The President also talked about criminal justice reform more generally, and, in remarks that were clearly intended to cast doubt on the claim by FBI Director James Comey and others that a "Ferguson effect" has lead to a recent spike in violent crime, the President made the following suggestion:

We do have to stick with the facts. What we can’t do is cherry-pick data or use anecdotal evidence to drive policy or to feed political agendas….

I’m sure if you polled this room, people would have different takes on what happened in places like Ferguson and New York. And let’s face it, the media tends to focus on the sensational and the controversial, and folks on both sides who say stuff that’s not designed to bring people together but oftentimes makes the situation more polarized. And as a society we tend to lurch from shock to complacency on these issues. And I’m suggesting we have to resist that impulse….

So it’s important for us not to just pounce and jump on anything that happens and immediately just draw conclusions…. It’s on all of us to let investigations uncover facts; to make sure that stories of misconduct aren’t spread before we know the facts, and that they’re not the only stories that we share.

Given how the President has himself responded to various incidents over the past few years, this may strike some readers as shockingly hypocritical. However, a more charitable interpretation would be that he has seen the error of his ways and is offering a sort of muted apology. Either way, the point is well taken.
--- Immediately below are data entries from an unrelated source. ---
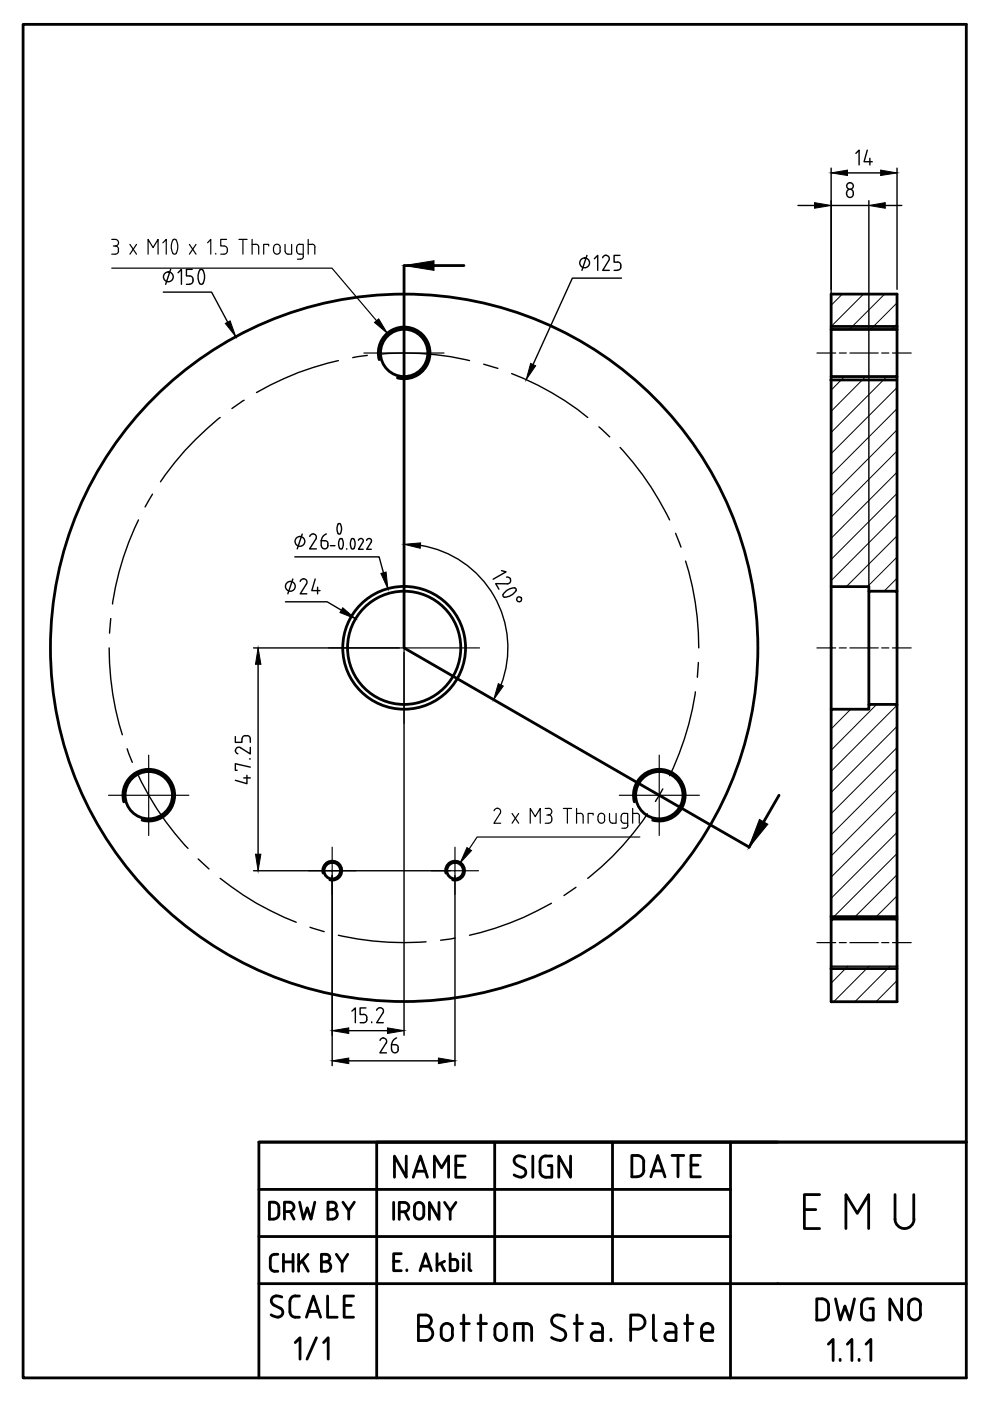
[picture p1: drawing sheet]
<svg xmlns="http://www.w3.org/2000/svg" width="210mm" height="297mm" viewBox="0 0 210 297" stroke-linecap="round" stroke-linejoin="round" font-family="sans-serif">
<!-- layer: 0 -->
<g fill="none" stroke="#000" stroke-width=".59">
<path d="M4.9 5.2h200v286.9h-200zM85.7 56.4v81l73.2 42.2M85.7 56.3h12.7M80.4 76.2a5.5 5.5 0 0 1 4.8-6.8 5.5 5.5 0 0 1 6 5.9 5.5 5.5 0 0 1-6.9 4.8M176.2 69.9v9.9h14v-9.9M176.2 69.9v-7.5h14v7.5M176.2 79.8v44.6M176.2 69.9h14M176.2 69.2h14M190.2 79.8v45.5M176.1 80.6h14M184.2 125.3v-.9h-8v26"/>
<path d="M184.2 149.4v-24.1h6v24.1M26.3 170a5.5 5.5 0 0 1 4.8-6.9 5.5 5.5 0 0 1 5.9 6 5.5 5.5 0 0 1-6.9 4.8M134.5 170a5.5 5.5 0 0 1 4.8-6.9 5.5 5.5 0 0 1 6 6 5.5 5.5 0 0 1-6.9 4.8M165.2 168.6l-6.4 11M68.5 185.1a2.01 2.01 0 0 1 1.8-2.5 2.01 2.01 0 0 1 2.2 2.2 2.01 2.01 0 0 1-2.6 1.7M94.5 185.1a2.01 2.01 0 0 1 1.8-2.5 2.01 2.01 0 0 1 2.2 2.2 2.01 2.01 0 0 1-2.5 1.7M176.2 194.4h14M176.2 194.9h14v17.5h-14zM176.2 194.9v-44.5h8v-1h6v45.5M176.2 205.4h14M54.9 242.1h150h-50v50M54.9 252.2h100"/>
<path d="M59.1 257.4a1.08 1.08 0 0 1-1.1 1M59.1 257.4v-1.4a1.08 1.08 0 0 0-1.1-1.1h-.9v3.6h.9M60.3 256.9h1a.99 .99 0 0 0 1-1 .99 .99 0 0 0-1-1h-1v3.6M61.5 256.9l.8 1.6M63.5 254.9l.8 3.6 .8-2.4 .8 2.4 .8-3.6M69.5 256.5h1M70.5 254.9h-1v3.6h1M70.5 254.9a.78 .78 0 0 1 .8 .8 .78 .78 0 0 1-.8 .8 .99 .99 0 0 1 1 1 .99 .99 0 0 1-1 .9M72.7 254.9l1.2 1.8 1.2-1.8M73.9 256.7v1.8M83.5 254.9v3.6M84.7 256.9h1"/>
<path d="M85.7 254.9h-1v3.6M85.7 254.9a.99 .99 0 0 1 1 1 .99 .99 0 0 1-1 1M85.8 256.9l.8 1.6M86.1 245.1v4.5l-2.5-4.5v4.5M87.6 249.6l1.5-4.5 1.5 4.5M87.9 255.9v1.6a.99 .99 0 0 0 1 1 .99 .99 0 0 0 1-1v-1.6M88 248.3h2.2M89.9 255.9a.99 .99 0 0 0-1-1 .99 .99 0 0 0-1 1M92.1 249.6v-4.5l1.5 2.5 1.5-2.5v4.5M93.1 254.9v3.6l-2.1-3.6v3.6M94.3 254.9l1.1 1.8 1.3-1.8M95.4 256.7v1.8"/>
<path d="M96.6 247.1h1.5M98.6 245.1h-2v4.5h2M104.9 242.1h-25v50M109 249.1l.7 .4 .8 .1M109.5 247l1.4 .7a.99 .99 0 0 1 .6 1.1 .99 .99 0 0 1-1 .8M110 245.1a.99 .99 0 0 0-1 .7 .99 .99 0 0 0 .5 1.1M110 245.1l1.3 .2M113 245.1v4.5M114.5 248.3a1.25 1.25 0 0 0 1.2 1.3M115.7 245.1h1.3M115.7 245.1a1.25 1.25 0 0 0-1.2 1.2v2.1M116.2 247.1h.8v2.5h-1.3"/>
<path d="M121 245.1v4.5l-2.5-4.5v4.5M129.9 242.1h-25v30.1M135.1 249.5a1.38 1.38 0 0 0 1.4-1.4v-1.7a1.3 1.3 0 0 0-1.4-1.4h-1.1v4.5h1.1M138 249.5l1.5-4.5 1.5 4.5M138.4 248.2h2.1M142.5 245h2.5M143.7 245v4.5M146.5 247h1.5M148.5 245h-2v4.5h2M154.9 242.1h-25v30.1M164.9 242.1h-110v50M170.5 256.5h2.5"/>
<path d="M173.8 253.3h-3.3v7.2h3.3M189.8 253.3v5.2M189.8 258.5a2.01 2.01 0 0 0 2 2 2.01 2.01 0 0 0 2-2M193.7 253.3v5.2M54.9 262.2h100M54.9 272.2h150M57.3 266.9v1.7a.91 .91 0 0 0 .9 .9h.7M57.5 278.8l.7 .3 .8 .2M58.5 274.7l1.3 .3M58.5 274.8a.99 .99 0 0 0-1 .8 .99 .99 0 0 0 .6 1.1l1.3 .7M58.9 265.9a1.24 1.24 0 0 0-1.5 .6l-.1 .3M59.4 277.3a.99 .99 0 0 1 .5 1.2 .99 .99 0 0 1-.9 .7"/>
<path d="M60.1 265.9v3.6M60.1 267.5h2M61.5 275.9v2.3M61.5 278.2a1.12 1.12 0 0 0 1.1 1.1h.9M62.1 265.9v3.6M62.6 274.8h.9M62.6 274.7a1.12 1.12 0 0 0-1.1 1.2M63.3 265.9v3.6M64.1 267.3l1.2 2.2M65 279.3l1.4-4.5 1.6 4.5M65.3 265.9l-2 2.2M65.4 278h2.1"/>
<path d="M69.1 267.5a.78 .78 0 0 0 .8-.8 .78 .78 0 0 0-.8-.8h-1v3.6h1a.99 .99 0 0 0 1-1 .99 .99 0 0 0-1-1h-1M69.5 274.8v4.5h2M71.3 265.9l1.2 1.9 1.2-1.9M72.5 267.8v1.7M73 276.8h1.5M75 274.8h-2v4.5h2M83.5 267.4h1.2M85.1 265.8h-1.6v3.6h1.6M86.3 269.2v.2M89.1 269.4l1.1-3.6 1.3 3.6M89.4 268.4h1.7M90.2 278.8h-1.5v5.4h1.5"/>
<path d="M90.3 278.8a1.21 1.21 0 0 1 1.2 1.2 1.21 1.21 0 0 1-1.2 1.2 1.5 1.5 0 0 1 1.5 1.5 1.5 1.5 0 0 1-1.5 1.5M92.7 265.8v3.6M93.5 267.8l.8 1.6M94.3 267.4l-1.6 .8M95.4 265.8v3.6h.9M95.4 267h.9M96.4 267a.7 .7 0 0 1 .7 .7M97.1 268.7a.7 .7 0 0 1-.7 .7M97.1 267.7v1M98.2 265.8v.2M98.2 267v2.4M98.3 278.8v5.4"/>
<path d="M99.5 265.8v3.2l.4 .4M101.9 278.8v5.4M119.7 279.1a1.8 1.8 0 0 0-2.7 .6 1.21 1.21 0 0 0 .6 1.4M122.3 278.8v5.4M135.2 278.8h-1.5v5.4M135.3 278.8a1.5 1.5 0 0 1 1.5 1.5 1.5 1.5 0 0 1-1.5 1.5M138.5 278.8v4.8a.61 .61 0 0 0 .7 .6M145.7 278.8v5.4M175.7 276.8a1.38 1.38 0 0 0-1.4-1.4h-1.1v4.5a2.08 2.08 0 0 0 2.2-.6l.3-.8v-1.7M177.2 275.4l1 4.5 .9-3 1.1 3 1-4.5M179.4 260.5v-7.2l2.4 4 2.4-4v7.2M182.7 276.6v2"/>
<path d="M184.4 277.4h.8v2.5h-1.3a1.25 1.25 0 0 1-1.2-1.3M185.2 275.4h-1.3a1.25 1.25 0 0 0-1.2 1.2M191.2 275.4v4.5l-2.5-4.5v4.5M192.6 276.6v2M192.7 276.6a1.25 1.25 0 0 1 1.2-1.2 1.25 1.25 0 0 1 1.3 1.2l-.1 2M192.7 278.6a1.25 1.25 0 0 0 1.2 1.3 1.25 1.25 0 0 0 1.3-1.3M62.6 284.6l1-1v4.6M67.1 283.6l-2 4.6M68.6 284.6l1-1v4.6M88.7 281.2h1.5M93.5 283a1.21 1.21 0 0 0 1.2 1.2 1.21 1.21 0 0 0 1.3-1.2M93.5 281.8v1.2"/>
<path d="M95.9 281.8v1.2M96 281.8a1.21 1.21 0 0 0-1.3-1.2 1.21 1.21 0 0 0-1.2 1.2M97.7 280.6h1.8M101.3 280.6h1.9M104.9 283a1.21 1.21 0 0 0 1.2 1.2 1.21 1.21 0 0 0 1.2-1.2M104.9 281.8v1.2M107.3 281.8a1.21 1.21 0 0 0-1.2-1.2 1.21 1.21 0 0 0-1.2 1.2M107.3 281.8v1.2M109.1 284.2v-3.6h2.6a1.04 1.04 0 0 1 1 1.1v2.5M110.9 280.6v3.6M116.9 283.6l.7 .3 1.1 .3M117.6 281.1l1.7 .8"/>
<path d="M119.3 281.9a1.21 1.21 0 0 1 .6 1.4 1.21 1.21 0 0 1-1.1 .9M121.7 280.6h1.8M125.6 280.6h1.1M126.2 282.4h1.5M126.2 282.4a.91 .91 0 0 0-.9 .9 .91 .91 0 0 0 .9 .9M126.7 280.6a1.04 1.04 0 0 1 1 1.1v2.5h-1.5M129.5 283.9v.3M133.7 281.8h1.5M141.2 280.6h1.1a1.04 1.04 0 0 1 1 1.1v2.5h-1.5a.91 .91 0 0 1-.8-.9 .91 .91 0 0 1 .9-.9M141.8 282.4h1.5M145.1 280.6h1.8M148.7 281.8v1.5a.91 .91 0 0 0 1 .9h1.4"/>
<path d="M151.1 281.8v.6h-2.4M151.2 281.8a1.21 1.21 0 0 0-1.2-1.2 1.21 1.21 0 0 0-1.3 1.2M175.6 285l1-1v4.5M178.1 288.2v.3M179.6 285l1-1v4.5M182.1 288.2v.3M183.6 285l1-1v4.5"/>
<circle cx="85.7" cy="74.8" r="5"/>
<circle cx="85.7" cy="137.4" r="12"/>
<circle cx="85.7" cy="137.4" r="75"/>
<circle cx="85.7" cy="137.4" r="13"/>
<circle cx="31.5" cy="168.6" r="5"/>
<circle cx="139.8" cy="168.6" r="5"/>
<circle cx="70.4" cy="184.6" r="1.76"/>
<circle cx="96.5" cy="184.6" r="1.76"/>
</g>
<path d="M85.7 56.3l6.3-1v2zM161 173.7l1.8 1.1-4.1 4.9z" fill="#000" stroke="#000" stroke-width=".21"/>
<path d="M176.2 204.9h14" fill="none" stroke="#000" stroke-width=".3"/>
<g fill="none" stroke="#000" stroke-width=".21">
<path d="M178.6 62.4l-2.4 2.3M179.1 79.8l-2.9 2.9M183.1 62.4l-6.9 6.8M183.5 79.8l-7.3 7.4M187.6 62.4l-7.5 7.5M188 79.8l-11.8 11.9M190.2 64.2l-5.6 5.7M190.2 68.7l-1.2 1.2M190.2 82.2l-14 14M190.2 86.7l-14 14M190.2 91.1l-14 14.1M190.2 95.6l-14 14"/>
<path d="M190.2 100.1l-14 14M190.2 104.6l-14 14M190.2 109.1l-14 14M190.2 113.6l-10.8 10.8M190.2 118.1l-6.3 6.3M190.2 122.6l-2.8 2.7M180.4 150.4l-4.2 4.2M185.9 149.4l-9.7 9.6M190.2 149.5l-14 14M190.2 154l-14 14M190.2 158.5l-14 14M190.2 163l-14 14"/>
<path d="M190.2 167.5l-14 14M190.2 172l-14 14M190.2 176.5l-14 14M190.2 181l-13.9 13.9M190.2 185.5l-9.4 9.4M190.2 189.9l-4.9 5M190.2 194.4l-.4 .5M179.8 204.9l-3.6 3.5M184.3 204.9l-7.5 7.5M188.8 204.9l-7.5 7.5M190.2 207.9l-4.5 4.5"/>
</g>
<!-- layer: Annotations -->
<g fill="none" stroke="#000" stroke-width=".3">
<path d="M176.2 35.6v94.3M179.7 36.7h7M181.5 32.5l.6-.7v3.2M183.9 31.8l-.7 2.5h1.7M184.4 33.6v1.4M190.2 35.6v25.7M36.2 57.1l-1.1 3.2M37.7 57.8l.8-.7v3.2M40.2 58.5a.78 .78 0 0 1 .7 1.1M40.8 57.1h-1.3v1.4h.7M40.9 59.5a.7 .7 0 0 1-.7 .7M42.3 57.3a.44 .44 0 0 1 .7 0l.3 .9v1a.96 .96 0 0 1-.6 1.1l-.4-.2"/>
<path d="M42.3 57.3l-.3 1.4 .3 1.4M124.4 54.1l-1 3.2M126 54.9l.7-.8v3.2M127.8 54.6a.72 .72 0 0 1 .9-.4 .72 .72 0 0 1 .4 1l-1.3 2.1h1.4M130.9 55.5a.7 .7 0 0 1 .7 .7M131.4 54.1h-1.2v1.5h.7M131.6 56.3v.3M131.6 56.6a.7 .7 0 0 1-.7 .7h-.7M131.8 59h-10.4l-8.4 18.3M169.2 43.6h3.5M176.2 43.6h8M179.5 40.9v.3"/>
<path d="M180.9 40.8a.7 .7 0 0 0-.7-.7 .7 .7 0 0 0-.7 .7M180.9 40.9a.73 .73 0 0 1-.5 .9 .73 .73 0 0 1-.9-.6M184.2 42.5v87.8M187.7 43.6h3.5M34.6 61.9h10.3l3.4 6.4M39.5 60.3h.7M62.5 118.1h17.9l.9 3.4M64.1 113.2l-1.1 3.2M66.4 113.2a.7 .7 0 0 1 .6 1.1M66.4 113.2l-.5 .1-.2 .4M67 114.3l-1.4 2.1h1.5M68.1 115.7a.7 .7 0 0 0 .7 .7 .7 .7 0 0 0 .7-.7"/>
<path d="M68.8 114.6h-.7v1.1M68.8 114.6l.6 .2 .1 .5M69.2 113.2a1.59 1.59 0 0 0-1.1 1.4M69.5 115.4v.3M70 115.7h1M71.7 111.1l.4-.1a1.66 1.66 0 0 1-.2 2.2l-.2-.1M71.7 111.1a2.1 2.1 0 0 0 0 2M72 114.3l.3-.1a1.53 1.53 0 0 1 0 2.2l-.3-.1a2.1 2.1 0 0 1 0-2zM73.5 116.3v.2M75 114.3l-.2-.1a1.53 1.53 0 0 0 0 2.2l.2-.1M75 114.3a2.1 2.1 0 0 1 0 2M76.5 114.2l-.5 .4"/>
<path d="M76.5 114.2l.5 .2v.5M76.9 115l-.9 1.5h1M78.2 114.2l-.5 .4M78.3 114.2l.4 .2v.5M78.7 115l-.9 1.5h.9M89.2 115.6a22 22 0 0 1 17 29.6M53.7 137.4h31M60.5 127.6h8.9l3 1.8M62.1 122.8l-1.1 3.1M64.4 122.7l-.5 .2-.3 .4M64.4 122.7a.7 .7 0 0 1 .6 1.1M65 123.8l-1.3 2.1h1.4"/>
<path d="M66.8 122.8l-.7 2.4h1.7M67.3 124.5v1.4M85.7 138.3v81.2M106.3 121l1 .2-2.8 1.6M106.7 126a.44 .44 0 0 0 .3 .7M107.4 122.4h.5l.3 .3M108.2 122.7a.7 .7 0 0 1-.6 1.1l-2.5-.1 .7 1.2M109.4 125.2l-1 1-1.4 .4M109.4 125.3a.45 .45 0 0 0-.3-.7l-1.4 .4-1 1M49.9 156.2v1.2h1.4v-.7M49.9 159.1l.1 .5 .4 .2M52 156h.4"/>
<path d="M52 156a.7 .7 0 0 0-.7 .7M52.4 156a.7 .7 0 0 1 .7 .7M53.1 158.5v1.4l-2.1-1.4a.7 .7 0 0 0-1.1 .6M53.1 156.7v.7M54.7 140.8v40.3M51.7 164.9h1.4M52.4 164.4v1.8l-2.5-.8M52.9 160.9h.2M53.1 162.6l-3.2-.7v1.4h.4M53.7 184.6h41.7M70.4 185.6v40.3M96.5 185.6v40.3"/>
<path d="M73.9 218.5h8.3M74.6 214.4l.7-.7v3.1M77.1 215.1a.7 .7 0 0 1 .7 .7M77.6 213.7h-1.2v1.4h.7M77.8 215.8v.4M77.8 216.1a.7 .7 0 0 1-.7 .7h-.7M78.8 216.7v.1M80.6 213.7l-.5 .1-.2 .4M80.6 213.7a.7 .7 0 0 1 .6 1M81.2 214.8l-1.3 2h1.4M73.9 224.9h19M81.3 220.1a.7 .7 0 0 1 .6 1.1"/>
<path d="M81.3 220l-.5 .2-.2 .4M81.9 221.1l-1.4 2.1h1.4M83 222.5a.7 .7 0 0 0 .7 .7 .7 .7 0 0 0 .7-.7M83.7 221.5h-.7v1M83.7 221.5l.6 .2 .1 .5M84.1 220.1a1.59 1.59 0 0 0-1.1 1.4M84.4 222.2v.3"/>
<circle cx="180.2" cy="39.4" r=".7"/>
<circle cx="35.7" cy="58.7" r="1.04"/>
<circle cx="124" cy="55.7" r="1.04"/>
<circle cx="63.6" cy="114.8" r="1.04"/>
<circle cx="61.6" cy="124.3" r="1.04"/>
<circle cx="110.1" cy="127.1" r=".53"/>
</g>
<g fill="#000" stroke="#000" stroke-width=".21">
<path d="M176.2 36.7l3.5-.6v1.1zM186.7 36.1l3.5 .6-3.5 .5zM172.7 43l3.5 .6-3.5 .6zM184.2 43.6l3.5-.6v1.2zM47.8 68.6l1-.6 1.2 3.4zM112.5 77l1.1 .6-2 2.9zM85.7 115.4l3.5-.3-.1 1.1zM72.7 128.9l2.7 2.3-3.3-1.3zM80.8 121.6l1.1-.3 .3 3.5zM54.7 137.4l.6 3.4h-1.1zM105.6 144.9l1.1 .6-2 2.8zM54.2 181.1h1.1l-.6 3.5z"/>
<path d="M70.4 218.5l3.5-.6v1.2zM82.2 217.9l3.5 .6-3.5 .6zM70.4 224.9l3.5-.6v1.2zM92.9 224.3l3.6 .6-3.6 .6z"/>
</g>
<!-- layer: AM_5 -->
<g fill="none" stroke="#000" stroke-width=".25">
<path d="M23.7 56.9h46.7l9.4 11.1M23.7 50.8h.7a.7 .7 0 0 1 .7 .7 .7 .7 0 0 1-.7 .7M24 52.2h.4M24.4 52.2a.7 .7 0 0 1 .7 .7M25.1 52.9v.3M25.1 53.2a.7 .7 0 0 1-.7 .7h-.7M27.5 51.8l1.4 2.1M28.9 51.8l-1.4 2.1M31.4 53.9v-3.1l1.1 1.7 1-1.7v3.1M34.5 51.5l.7-.7v3.1M36.6 50.9a.44 .44 0 0 1 .8 0l.3 .9v1a.96 .96 0 0 1-.7 1.1l-.4-.2M36.7 50.9l-.4 1.4 .4 1.4"/>
<path d="M40.2 51.8l1.4 2.1M41.6 51.8l-1.4 2.1M44 51.5l.7-.7v3.1M45.7 53.7v.2M48 50.8h-1.2v1.4h.7a.7 .7 0 0 1 .7 .7M48.2 52.9a.79 .79 0 0 1-.7 1h-.7M50.7 50.8h1.7M51.5 50.8v3.1M53.5 50.8v3.1M53.5 51.8h.7M54.2 51.8a.61 .61 0 0 1 .6 .6M54.8 52.4v1.5"/>
<path d="M57 52.2v-.4h-1.1v2.1M58 52.5v.7M58 53.2a.7 .7 0 0 0 .7 .7 .7 .7 0 0 0 .7-.7M59.4 52.5v.7M59.4 52.5a.7 .7 0 0 0-.7-.7 .7 .7 0 0 0-.7 .7M60.4 51.8v1.5M60.5 53.3a.61 .61 0 0 0 .6 .6M61.8 51.8v2.1h-.7M62.9 52.4v.9M62.9 53.3a.61 .61 0 0 0 .6 .6h.8M63.5 51.8h.8v2.6M63.5 51.8a.61 .61 0 0 0-.6 .6"/>
<path d="M64.3 54.3a.61 .61 0 0 1-.6 .6h-.6M65.3 51.8h.9M65.3 50.8v3.1M66.2 51.8a.61 .61 0 0 1 .6 .6M66.7 52.4v1.5M104.7 171.9a.71 .71 0 0 1 1-.5 .71 .71 0 0 1 .4 1M106 172.5l-1.3 2h1.5M108.6 172.5l1.4 2M110 172.5l-1.4 2M112.4 174.5v-3.1l1.1 1.7 1-1.7v3.1M115.6 171.4h.7M115.9 172.8h.4"/>
<path d="M116.3 171.4a.7 .7 0 0 1 .7 .7 .7 .7 0 0 1-.7 .7 .7 .7 0 0 1 .7 .7M117 173.5a.81 .81 0 0 1-.7 1h-.7M119.5 171.4h1.7M120.3 171.4v3.1M122.2 171.4v3.1M122.2 172.5h.8M123 172.4a.61 .61 0 0 1 .6 .6v1.5M125.8 172.8v-.3h-1.1v2M126.8 173.1v.8M126.8 173.8a.7 .7 0 0 0 .7 .7 .7 .7 0 0 0 .7-.7M128.2 173.1v.8M128.2 173.1a.7 .7 0 0 0-.7-.7 .7 .7 0 0 0-.7 .7"/>
<path d="M129.2 172.5v1.4M130.6 172.5v2h-.7a.61 .61 0 0 1-.6-.6M131.7 173.1v.8M131.7 173.9a.61 .61 0 0 0 .6 .6M132.3 172.5h.8v2.5M132.3 174.5h.8M132.3 172.4a.61 .61 0 0 0-.6 .6M133.1 175a.61 .61 0 0 1-.6 .6h-.6M134.1 172.5h.8M134.1 171.4v3.1M135 172.4a.61 .61 0 0 1 .6 .6M135.5 173.1v1.4"/>
<path d="M135.7 177.5h-34.5l-1.7 2.5"/>
</g>
<path d="M79.4 68.4l.9-.8 1.8 3.1zM99 179.7l1 .6-2.4 2.7z" fill="#000" stroke="#000" stroke-width=".21"/>
<!-- layer: AM_7 -->
<g fill="none" stroke="#000" stroke-width=".25">
<path d="M77.2 74.8h8.5v8.6M85.7 66.3v8.5h8.4M173.2 74.8h4M178 74.8h1.4M180.2 74.8h6M186.9 74.8h1.6M189.2 74.8h4M69.7 137.4h16v16M85.7 121.4v16h16M173.2 137.4h4M178 137.4h1.4M180.2 137.4h6"/>
<path d="M186.9 137.4h1.6M189.2 137.4h4M23 168.6h8.5v8.5M31.5 160.1v8.5h8.5M70.4 179.6v5h5.1M96.5 179.6v5h5M131.3 168.6h8.5v8.5M139.8 160.1v8.5h8.5M65.4 184.6h5v5M91.5 184.6h5v5M173.2 199.9h4M178 199.9h1.4"/>
<path d="M180.2 199.9h6M186.9 199.9h1.6M189.2 199.9h4"/>
</g>
<!-- layer: Center Lines -->
<g fill="none" stroke="#000" stroke-width=".3">
<path d="M71.7 76.5a59.9 59.9 0 0 0-17.3 6.7M77.9 75.4l-3.1 .4M81 75.1a59.1 59.1 0 0 1 18.6 1.4M102.6 77.2l3 .9M108.5 79.2a59.8 59.8 0 0 1 16.1 9.3M46.7 88.5a63 63 0 0 0-12.7 13.7M51.8 84.9l-2.6 1.7M127 90.5l2.3 2.1M131.5 94.9a62.6 62.6 0 0 1 10.5 15.3M29.4 110.2a60 60 0 0 0-5.5 17.9M32.3 104.8l-1.5 2.7M143.2 113.1l1.2 2.9"/>
<path d="M145.4 119a61 61 0 0 1 2.8 18.4M23.1 137.4a61 61 0 0 0 2.8 18.4M23.5 131.1l-.3 3.1M27 158.8l1.1 2.8M147.4 146.7a60.1 60.1 0 0 1-5.4 17.8M148.1 140.5l-.2 3.1M29.4 164.5a58.9 58.9 0 0 0 10.5 15.4M137.3 172.6a59.6 59.6 0 0 1-12.7 13.6M140.5 167.3l-1.5 2.6M42 182.1l2.3 2.1M46.7 186.2a59.8 59.8 0 0 0 16.1 9.3M65.7 196.6l3 .9"/>
<path d="M71.7 198.3a62.3 62.3 0 0 0 18.6 1.4M96.5 198.9l-3.1 .4M116.9 191.5a63.3 63.3 0 0 1-17.3 6.8M122.1 188.1l-2.5 1.8"/>
</g>
</svg>

We do need to try harder to base policy proposals on fact, and that admonition applies, not only to the problem of police misconduct, but to criminal justice reform in general, including the reform of federal sentencing laws. (Indeed, it applies to public policy across the board, but that’s a topic for another day.)

In that spirit, readers who are interested in the issue of sentencing reform may want to read this transcript of Manhattan Institute fellow Heather MacDonald’s testimony before the Senate Judiciary Committee in which she provides an abundance of facts to support her contrarian view of the phenomenon of "mass incarceration":

We are in the midst of a national movement for deincarceration and decriminalization. That movement rests on the following narrative: America’s criminal justice system, it is said, has become irrationally draconian, ushering in an era of so-called "mass incarceration." The driving force behind "mass incarceration," the story goes, is a misconceived war on drugs….

The most poisonous claim in the dominant narrative is that our criminal justice system is a product and a source of racial inequity. The drug war in particular is said to be infected by racial bias. "Mass incarceration" is allegedly destroying black communities by taking fathers away from their families and imposing crippling criminal records on released convicts. Finally, prison is condemned as a huge waste of resources.

Nothing in this dominant narrative is true….

Readers may also want to listen to this podcast of an interview with Franklin Zimring, professor of law at UC Berkeley and author of The City That Became Safe: New York’s Lessons for Urban Crime and Its Control. Prof. Zimring provides an abundance of facts to support his also contrarian but very different view of the matter. He makes it clear that getting the facts is hard, and figuring out what the facts tell us about what works and what doesn’t work is even harder.